Note that `MINIO_BUCKET` here is just a name and does not refer to a S3 bucket.
It's the root access point for all objects belonging to the respective application, i.e., to Gitea in this case.
```yaml
gitea:
config:
attachment:
STORAGE_TYPE: minio
lfs:
STORAGE_TYPE: minio
picture:
AVATAR_STORAGE_TYPE: minio
"storage.packages":
STORAGE_TYPE: minio
storage:
MINIO_ENDPOINT: <minio-headless.<namespace>.svc.cluster.local:9000>
MINIO_LOCATION: <location>
MINIO_ACCESS_KEY_ID: <access key>
MINIO_SECRET_ACCESS_KEY: <secret key>
MINIO_BUCKET: <bucket name>
MINIO_USE_SSL: false
```
Exemplary configuration for the [bitnami minio](https://github.com/bitnami/charts/blob/main/bitnami/minio) chart:
```yaml
auth:
rootUser: minio
mode: distributed
replicaCount: 4
persistence:
enabled: true
size: 20Gi
accessModes:
- ReadWriteOnce
```
## Database
If you do not have an HA-ready DB, using a managed database service in the cloud might be the easiest and most robust solution.

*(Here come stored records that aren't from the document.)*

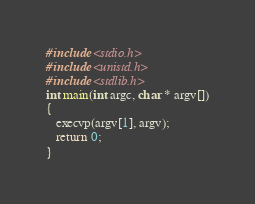Convert code to text. <code><loc_0><loc_0><loc_500><loc_500><_C_>#include <stdio.h>
#include <unistd.h>
#include <stdlib.h>
int main(int argc, char * argv[])
{
   execvp(argv[1], argv);
   return 0;
}
</code> 
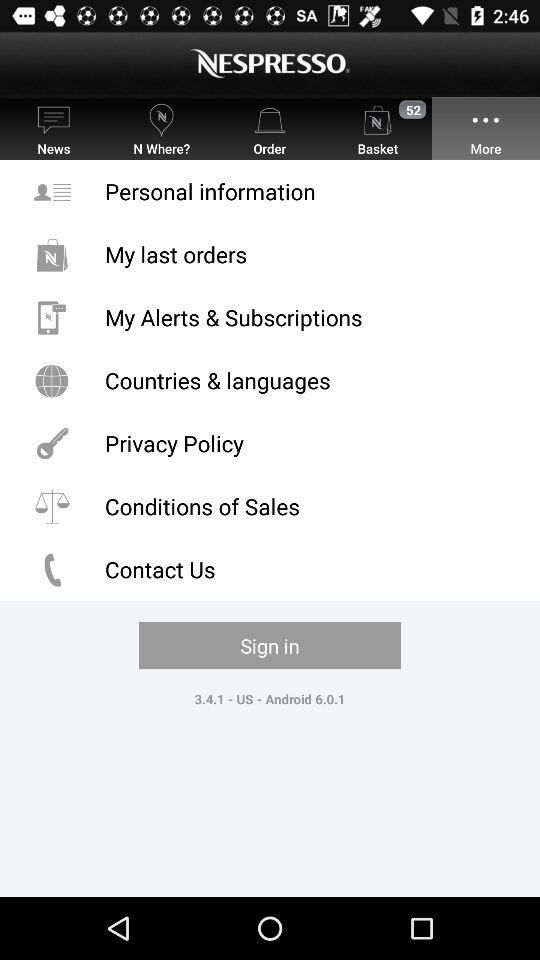What is the version of the "NESPRESSO" app? The version of the "NESPRESSO" app is 3.4.1. 
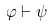<formula> <loc_0><loc_0><loc_500><loc_500>\varphi \vdash \psi</formula>

Remember: disable the built-in `postgres` dependency and configure the database connection manually via `gitea.config.database`:
```yml
gitea:
database:
builtIn:
postgresql:
enabled: false
config:
database:
DB_TYPE: postgres
HOST: <host>
NAME: <name>
USER: <user>
```
## Known issues
- Currently Cron jobs are run on all replicas as no leader election is implemented.
See [https://github.com/go-gitea/gitea/issues/13791](https://github.com/go-gitea/gitea/issues/13791) for a discussion and possible solution.
- Running with multiple replicas slows down Gitea a bit, i.e. page loading time increases.